Я гадал, как это связано с тем, что ее пугает. Она сказал, словно читая мои мысли:

— Это никак не связано с тем, о чем я хотела поговорить.

Видимо, я сидел с недоумевающим видом. Пытался изобразить сочувствующую аудиторию, и она добавила:

— Я хотела, чтобы ты понял: заботит меня только полиция. Иногда кажется, больше у меня ничего другого и нет.

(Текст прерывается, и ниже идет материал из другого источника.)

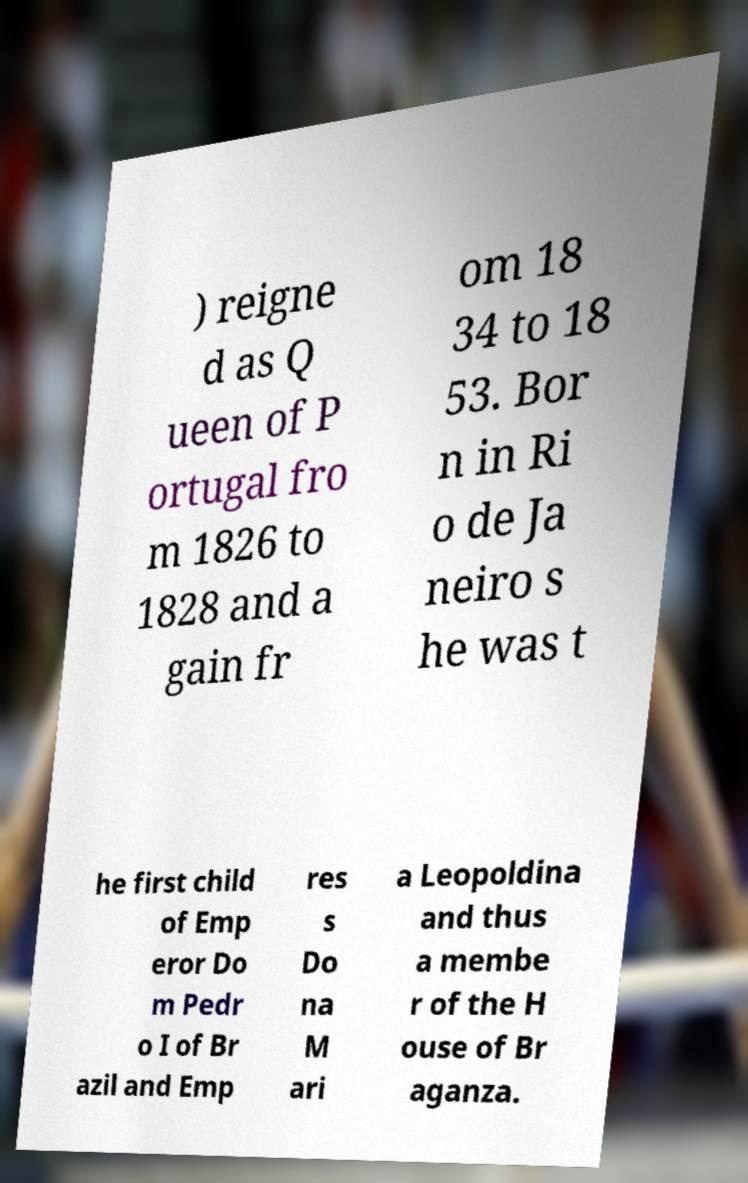Can you accurately transcribe the text from the provided image for me? ) reigne d as Q ueen of P ortugal fro m 1826 to 1828 and a gain fr om 18 34 to 18 53. Bor n in Ri o de Ja neiro s he was t he first child of Emp eror Do m Pedr o I of Br azil and Emp res s Do na M ari a Leopoldina and thus a membe r of the H ouse of Br aganza. 
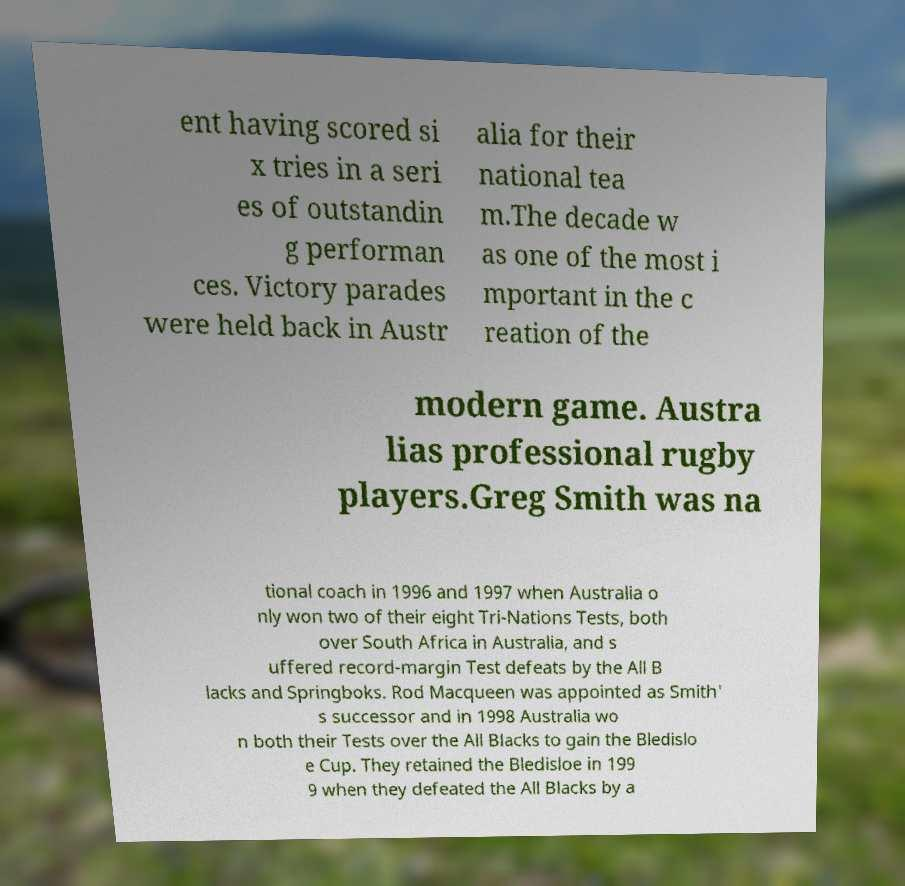Please identify and transcribe the text found in this image. ent having scored si x tries in a seri es of outstandin g performan ces. Victory parades were held back in Austr alia for their national tea m.The decade w as one of the most i mportant in the c reation of the modern game. Austra lias professional rugby players.Greg Smith was na tional coach in 1996 and 1997 when Australia o nly won two of their eight Tri-Nations Tests, both over South Africa in Australia, and s uffered record-margin Test defeats by the All B lacks and Springboks. Rod Macqueen was appointed as Smith' s successor and in 1998 Australia wo n both their Tests over the All Blacks to gain the Bledislo e Cup. They retained the Bledisloe in 199 9 when they defeated the All Blacks by a 
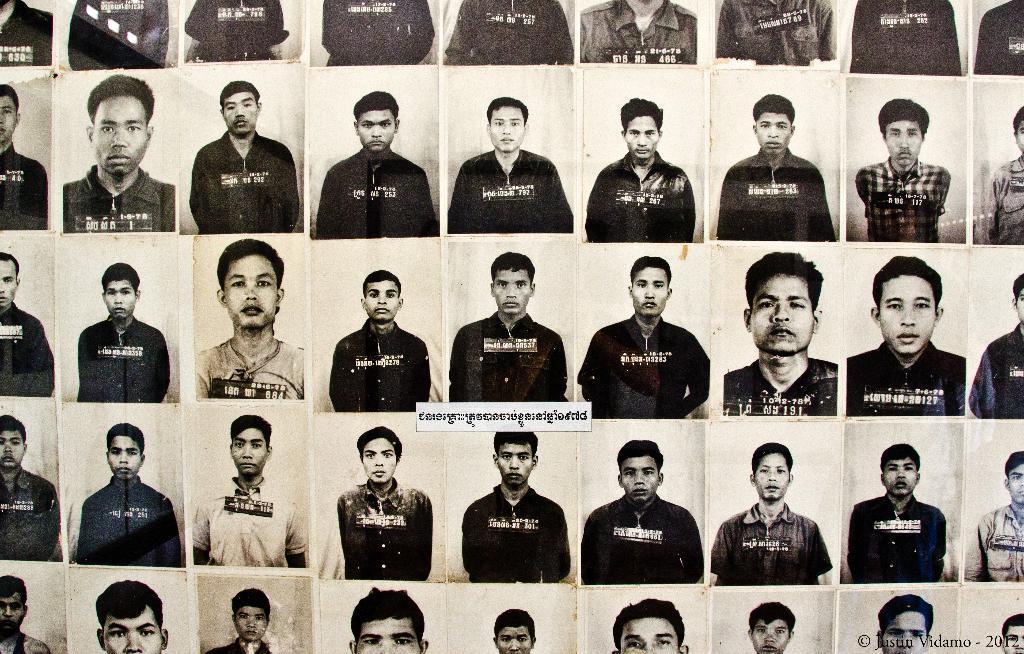Can you describe this image briefly? In this image I see the passport size photos of people and I see the watermark over here. 
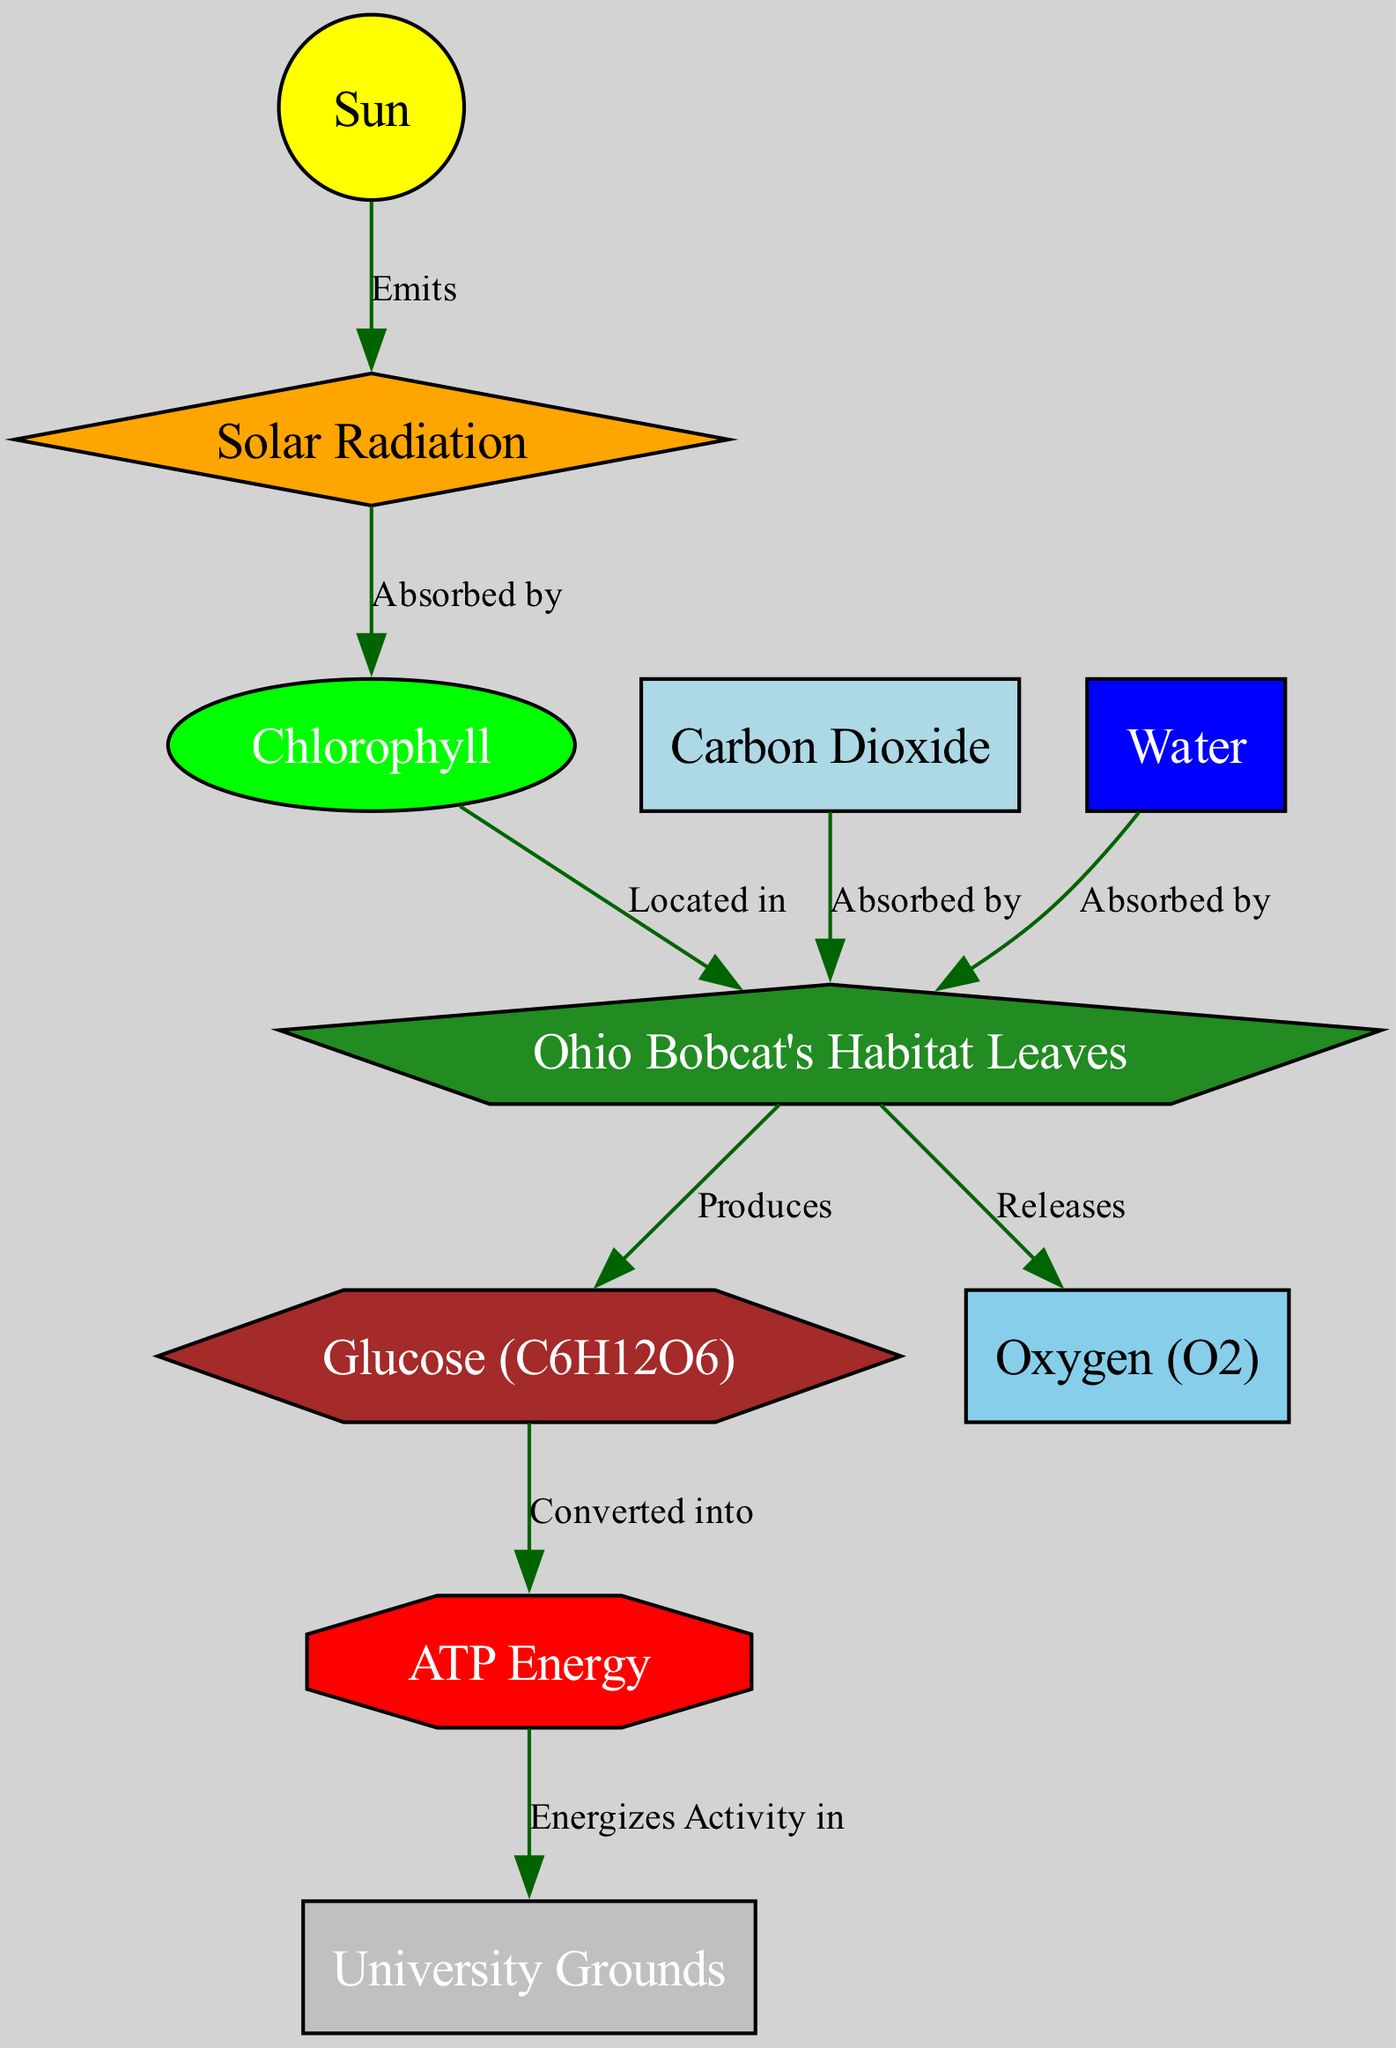What is the main source of energy in the diagram? The diagram indicates that the main source of energy is the "Sun," which emits solar radiation that is essential for the photosynthetic process.
Answer: Sun How many nodes are present in the diagram? Counting all unique entities in the diagram, there are 10 nodes listed, including entities like Sun, leaves, and glucose.
Answer: 10 What do leaves produce during photosynthesis? According to the diagram, leaves are responsible for producing glucose and releasing oxygen during the photosynthetic process.
Answer: Glucose (C6H12O6) and Oxygen (O2) Which molecule is absorbed by leaves along with sunlight? The diagram specifies that both "Carbon Dioxide" and "Water" are absorbed by leaves to facilitate the production processes.
Answer: Carbon Dioxide and Water What is glucose converted into for energy use? The flow from glucose indicates that it is converted into "ATP Energy," which is utilized in activity throughout the diagram.
Answer: ATP Energy Where is chlorophyll located in this process? The diagram explicitly states that chlorophyll is "Located in" the leaves, emphasizing the role of chlorophyll in photosynthesis.
Answer: Leaves How does ATP energy relate to the basketball court? The diagram shows a direct connection indicating that ATP energizes activity in the "Basketball Court" on the university grounds.
Answer: Energizes Activity in University Grounds What role does water play in the photosynthetic process? The diagram illustrates that water is absorbed by leaves and is essential for producing glucose and oxygen, thus indicating its crucial role.
Answer: Absorbed by leaves What color signifies oxygen in the diagram? The diagram employs a "skyblue" color to depict oxygen, differentiating it visually from other components.
Answer: Skyblue What does solar radiation get absorbed by? According to the diagram, solar radiation is absorbed by chlorophyll, which enables the photosynthetic process to begin.
Answer: Chlorophyll

Будто мне надо это объяснять. День, когда меня турнули из органов, — один из самых черных в моей жизни. То и дело слышно, как говорят: «Я не то, чем зарабатываю на жизнь». Сразу видно, что они не из полиции. Уровень самоубийств среди копов в отставке выше крыши, потому что нельзя просто перестать быть копом. Все, что во мне есть, выросло из времен службы. Я так и не оправился после увольнения. Все катастрофы, одна за другой, коренились в той утрате.

— Я понимаю, — сказал я.

Подождал, пока она дозреет сказать, что хотела. Затем:

— За мной следят.

Я не знал, чего ожидать, но это застало меня врасплох. Не сразу осмыслил, потом сказал:

— Рассказывай.

Она сморщилась, чуть не зажмурилась — ей требовались нечеловеческие усилия, чтобы об этом рассказать.

— В последние недели я чувствую слежку. Потом ночные звонки, никто не отвечает, а когда набираю 1471, вызов заблокирован. Моя квартира — в ней кто-то побывал. Ничего не взяли, просто кое-что передвинули по мелочи. А вчера пришло вот что.

Она достала из джинсов сложенный конверт. Я изучил — ее имя и адрес (на ирландском), отправлено в Голуэе предыдущим днем. Я достал единственный листок, прочитал

Молись

Сука

И все.

И первой мыслью было:

«Коди?»

Неужели он морочит голову и мне, и Ридж?